------ Source material ------
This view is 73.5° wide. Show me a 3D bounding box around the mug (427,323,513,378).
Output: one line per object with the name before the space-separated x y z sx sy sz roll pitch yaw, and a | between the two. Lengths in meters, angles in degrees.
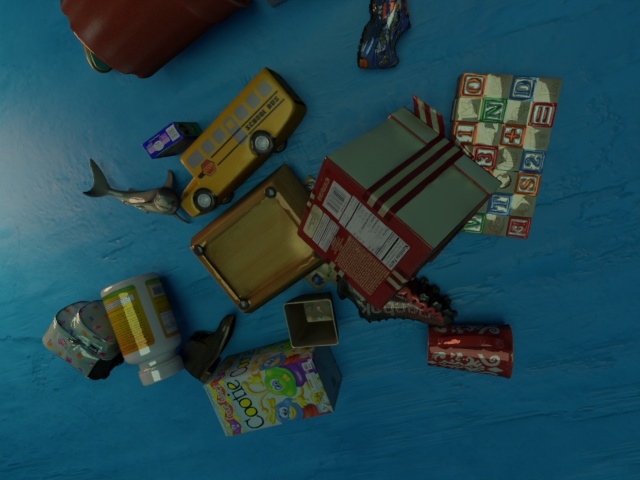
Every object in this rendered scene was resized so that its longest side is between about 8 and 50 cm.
mug | 0.318 0.220 0.926 0.170 0.113 0.150 1 131 15

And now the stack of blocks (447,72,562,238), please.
stack of blocks | 0.335 -0.162 0.838 0.172 0.087 0.296 7 106 9

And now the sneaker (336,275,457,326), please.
sneaker | 0.157 0.130 0.946 0.276 0.097 0.135 25 114 0

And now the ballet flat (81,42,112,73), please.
ballet flat | -0.489 -0.485 0.932 0.073 0.080 0.231 14 106 36

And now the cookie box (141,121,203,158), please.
cookie box | -0.319 -0.220 0.939 0.092 0.107 0.040 -29 99 17

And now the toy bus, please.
toy bus | -0.180 -0.197 0.917 0.333 0.108 0.130 -40 94 17

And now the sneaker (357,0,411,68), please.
sneaker | 0.135 -0.436 0.820 0.087 0.083 0.221 12 112 -6

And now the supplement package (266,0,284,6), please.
supplement package | -0.026 -0.581 0.741 0.263 0.198 0.199 -16 100 14

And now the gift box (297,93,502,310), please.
gift box | 0.129 -0.082 0.774 0.276 0.258 0.255 47 146 10

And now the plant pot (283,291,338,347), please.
plant pot | -0.013 0.172 0.988 0.109 0.096 0.108 -8 104 12

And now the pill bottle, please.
pill bottle | -0.419 0.212 1.032 0.137 0.136 0.245 -22 87 15

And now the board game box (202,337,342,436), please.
board game box | -0.108 0.338 1.024 0.276 0.144 0.141 -19 99 14

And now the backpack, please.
backpack | -0.575 0.233 1.075 0.189 0.166 0.144 28 106 0

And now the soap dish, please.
soap dish | -0.125 0.009 0.947 0.291 0.118 0.228 -36 95 16

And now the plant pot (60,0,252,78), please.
plant pot | -0.319 -0.469 0.808 0.265 0.272 0.272 -32 97 25

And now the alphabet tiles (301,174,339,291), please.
alphabet tiles | 0.000 0.000 0.987 0.237 0.009 0.198 41 108 -2

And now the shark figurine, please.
shark figurine | -0.403 -0.120 1.004 0.279 0.166 0.116 13 81 25

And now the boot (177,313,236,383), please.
boot | -0.291 0.257 1.071 0.106 0.082 0.219 27 110 0
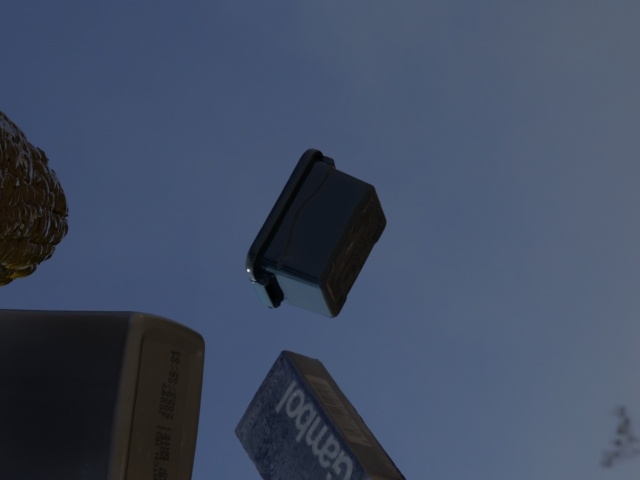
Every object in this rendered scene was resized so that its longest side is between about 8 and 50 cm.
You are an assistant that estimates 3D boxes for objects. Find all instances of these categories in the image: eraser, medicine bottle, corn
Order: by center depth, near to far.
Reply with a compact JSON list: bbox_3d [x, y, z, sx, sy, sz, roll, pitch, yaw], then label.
[{"bbox_3d":[-0.205,-0.028,0.938,0.322,0.119,0.119,38,-120,-77],"label":"corn"},{"bbox_3d":[-0.173,0.109,1.126,0.088,0.188,0.132,23,-109,-59],"label":"medicine bottle"},{"bbox_3d":[0.002,0.180,1.489,0.092,0.046,0.212,-60,34,14],"label":"eraser"}]

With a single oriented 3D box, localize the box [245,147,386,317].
[{"bbox_3d":[0.000,0.000,1.198,0.099,0.054,0.074,-61,-20,-19],"label":"box"}]
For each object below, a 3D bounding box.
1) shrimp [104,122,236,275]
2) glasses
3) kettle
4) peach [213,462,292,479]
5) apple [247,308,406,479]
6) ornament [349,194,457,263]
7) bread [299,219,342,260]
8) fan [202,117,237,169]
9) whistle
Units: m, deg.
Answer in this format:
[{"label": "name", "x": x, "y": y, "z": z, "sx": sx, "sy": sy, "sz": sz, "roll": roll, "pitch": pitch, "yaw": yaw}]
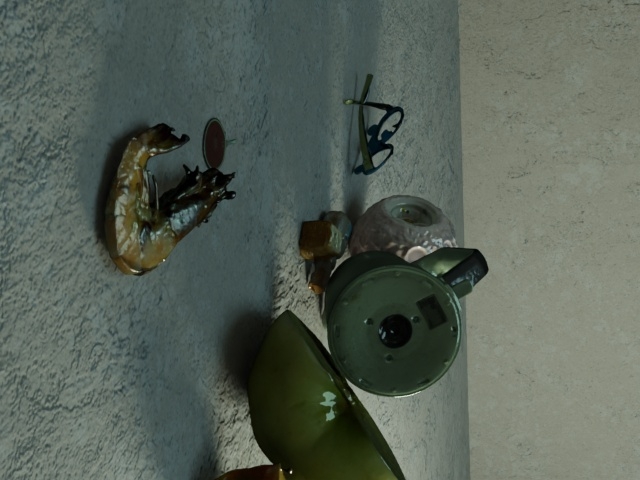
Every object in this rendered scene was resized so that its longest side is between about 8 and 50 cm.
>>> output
[{"label": "shrimp", "x": -0.215, "y": -0.077, "z": 1.344, "sx": 0.289, "sy": 0.075, "sz": 0.178, "roll": -45, "pitch": 135, "yaw": -46}, {"label": "glasses", "x": 0.130, "y": -0.281, "z": 2.326, "sx": 0.206, "sy": 0.102, "sz": 0.239, "roll": 75, "pitch": 26, "yaw": -46}, {"label": "kettle", "x": 0.173, "y": 0.120, "z": 2.006, "sx": 0.250, "sy": 0.361, "sz": 0.376, "roll": 57, "pitch": 0, "yaw": -7}, {"label": "peach", "x": -0.110, "y": 0.484, "z": 1.621, "sx": 0.267, "sy": 0.154, "sz": 0.158, "roll": 76, "pitch": 15, "yaw": -56}, {"label": "apple", "x": 0.022, "y": 0.301, "z": 1.755, "sx": 0.360, "sy": 0.312, "sz": 0.319, "roll": 71, "pitch": 30, "yaw": -85}, {"label": "ornament", "x": 0.195, "y": 0.023, "z": 2.349, "sx": 0.259, "sy": 0.260, "sz": 0.225, "roll": -58, "pitch": 163, "yaw": -57}, {"label": "bread", "x": 0.001, "y": 0.002, "z": 2.025, "sx": 0.083, "sy": 0.070, "sz": 0.076, "roll": 39, "pitch": 56, "yaw": -66}, {"label": "fan", "x": -0.160, "y": -0.156, "z": 1.589, "sx": 0.133, "sy": 0.005, "sz": 0.085, "roll": -24, "pitch": 115, "yaw": -70}, {"label": "whistle", "x": 0.022, "y": 0.020, "z": 2.120, "sx": 0.107, "sy": 0.057, "sz": 0.220, "roll": 79, "pitch": 24, "yaw": -48}]
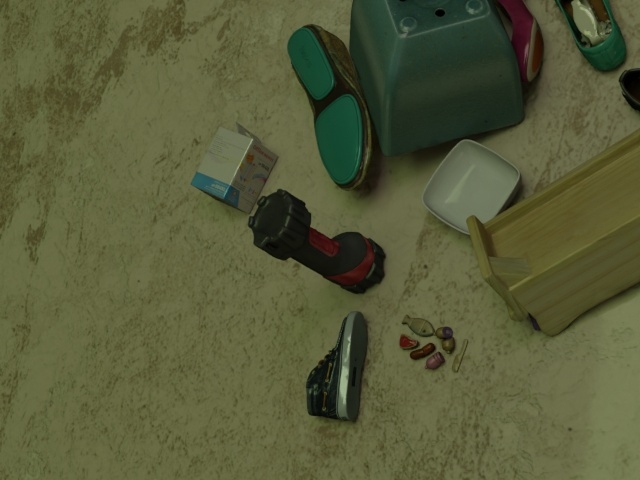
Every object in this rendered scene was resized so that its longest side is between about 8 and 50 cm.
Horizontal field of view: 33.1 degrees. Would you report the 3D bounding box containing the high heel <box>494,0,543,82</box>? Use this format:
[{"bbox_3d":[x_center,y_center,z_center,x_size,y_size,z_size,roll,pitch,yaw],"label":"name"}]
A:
[{"bbox_3d":[0.314,-0.367,1.820,0.117,0.082,0.244,-4,66,22],"label":"high heel"}]

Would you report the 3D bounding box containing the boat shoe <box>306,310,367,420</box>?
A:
[{"bbox_3d":[0.023,0.206,1.792,0.083,0.065,0.183,-1,73,29],"label":"boat shoe"}]

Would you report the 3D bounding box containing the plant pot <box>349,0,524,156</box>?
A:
[{"bbox_3d":[0.182,-0.328,1.740,0.248,0.252,0.247,-15,62,-1],"label":"plant pot"}]

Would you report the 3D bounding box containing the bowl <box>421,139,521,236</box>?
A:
[{"bbox_3d":[0.253,-0.080,1.773,0.142,0.053,0.142,37,92,34],"label":"bowl"}]

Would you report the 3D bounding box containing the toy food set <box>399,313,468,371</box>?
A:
[{"bbox_3d":[0.174,0.169,1.745,0.122,0.019,0.077,15,80,34],"label":"toy food set"}]

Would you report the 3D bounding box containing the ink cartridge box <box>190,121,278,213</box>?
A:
[{"bbox_3d":[-0.156,-0.139,2.010,0.090,0.092,0.143,24,86,34],"label":"ink cartridge box"}]

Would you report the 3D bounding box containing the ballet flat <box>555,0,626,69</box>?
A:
[{"bbox_3d":[0.430,-0.392,1.763,0.083,0.087,0.247,-28,60,19],"label":"ballet flat"}]

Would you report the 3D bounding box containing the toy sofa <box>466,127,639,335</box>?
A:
[{"bbox_3d":[0.417,-0.026,1.610,0.363,0.177,0.150,-33,36,20],"label":"toy sofa"}]

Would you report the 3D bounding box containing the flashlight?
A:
[{"bbox_3d":[0.000,0.000,1.738,0.103,0.304,0.103,-31,59,16],"label":"flashlight"}]

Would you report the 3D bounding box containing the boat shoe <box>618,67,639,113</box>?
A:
[{"bbox_3d":[0.557,-0.198,1.624,0.233,0.079,0.084,32,90,33],"label":"boat shoe"}]

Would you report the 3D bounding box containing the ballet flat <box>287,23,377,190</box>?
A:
[{"bbox_3d":[0.041,-0.237,1.920,0.123,0.123,0.348,-29,62,18],"label":"ballet flat"}]
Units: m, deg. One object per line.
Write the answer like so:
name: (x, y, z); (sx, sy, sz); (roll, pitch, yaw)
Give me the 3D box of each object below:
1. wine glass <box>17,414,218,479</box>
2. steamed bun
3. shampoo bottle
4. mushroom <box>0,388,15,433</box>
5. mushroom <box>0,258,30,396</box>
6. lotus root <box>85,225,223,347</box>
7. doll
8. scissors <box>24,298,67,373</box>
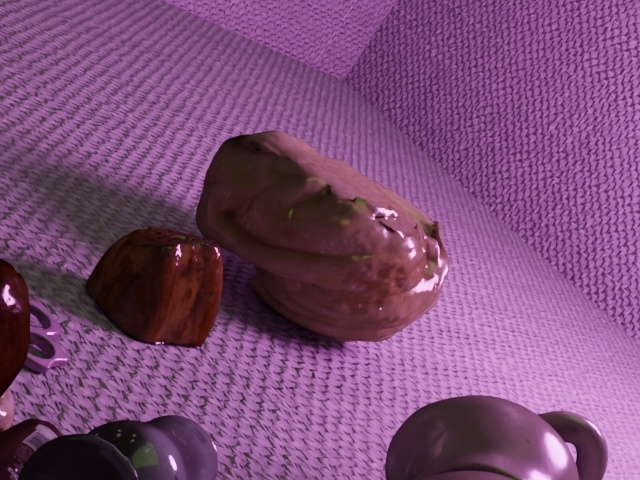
------
Your task: Which of the lines above carry the string "below"? Copy every one.

Exercise solution:
For each object below, a 3D bounding box.
Give me the 3D box of each object below:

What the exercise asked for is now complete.